On election day, South Dakota voters legalized both recreational and medicinal cannabis. Measure 26 establishes a medical cannabis program and registration system for patients with qualifying health conditions. The measure passed with a landslide vote of approximately 70 percent in favor of the program, in a sharp contrast to the state’s rejection of medicinal cannabis four years ago. South Dakota now joins neighboring states in legalizing marijuana for several qualifying medical conditions. Under the measure, those with delineated “debilitating medical conditions” are allowed to possess up to three ounces of marijuana.

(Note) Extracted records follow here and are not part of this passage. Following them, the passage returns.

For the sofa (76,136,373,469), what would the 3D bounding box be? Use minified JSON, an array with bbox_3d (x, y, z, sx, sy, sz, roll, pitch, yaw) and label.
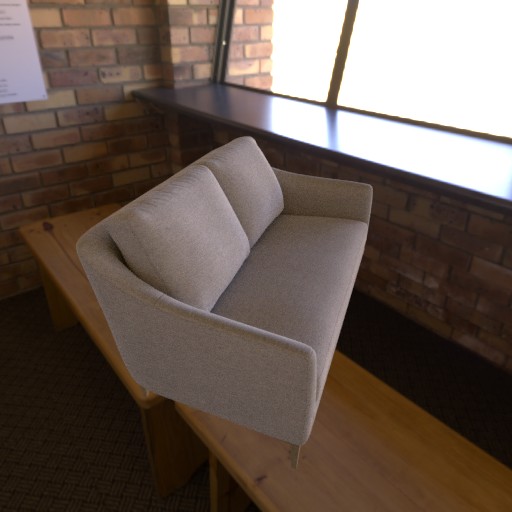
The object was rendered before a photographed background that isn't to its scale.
[{"bbox_3d":[0.000,0.000,2.212,0.960,0.904,1.619,10,30,17],"label":"sofa"}]
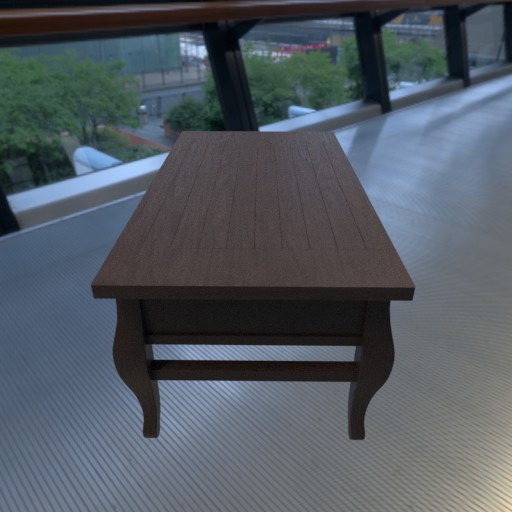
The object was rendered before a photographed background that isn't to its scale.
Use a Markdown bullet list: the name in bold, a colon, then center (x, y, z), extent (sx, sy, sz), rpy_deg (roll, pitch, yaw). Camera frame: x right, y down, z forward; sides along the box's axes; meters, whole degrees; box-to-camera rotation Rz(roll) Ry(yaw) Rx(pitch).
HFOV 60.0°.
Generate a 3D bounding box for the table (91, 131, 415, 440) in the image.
- **table**: center (0.000, 0.000, 1.377), extent (0.600, 0.494, 1.062), rpy_deg (0, 30, 1)

Passing by a smaller margin, Amendment A legalizes the possession and use of recreational cannabis for adults who are at least 21 years old. Amendment A permits local governments to ban cannabis cultivators, testing facilities, wholesalers, or retail stores from operating within their limits; however, residents who live in a jurisdiction without licensed retail stores are permitted to grow up to three plants at their home. Amendment A will impose a 15 percent excise tax on marijuana sales that will primarily be split between public schools and the state’s general funds, with a certain percent also being used to fund the costs of implementing the amendment.
On the Horizon
While Pennsylvania and New York may likely be the next states to enact broader cannabis laws, other states are likely not far behind. Connecticut Governor Ned Lamont supports expanding the state’s cannabis program, and proposed Connecticut Bill No. 16 could create a recreational cannabis program for adults who are at least 21 years old and implement related criminal justice reforms. The combination of budget shortfalls and budding markets around them may be the impetus needed to push Connecticut and other states to move quickly to create similar programs.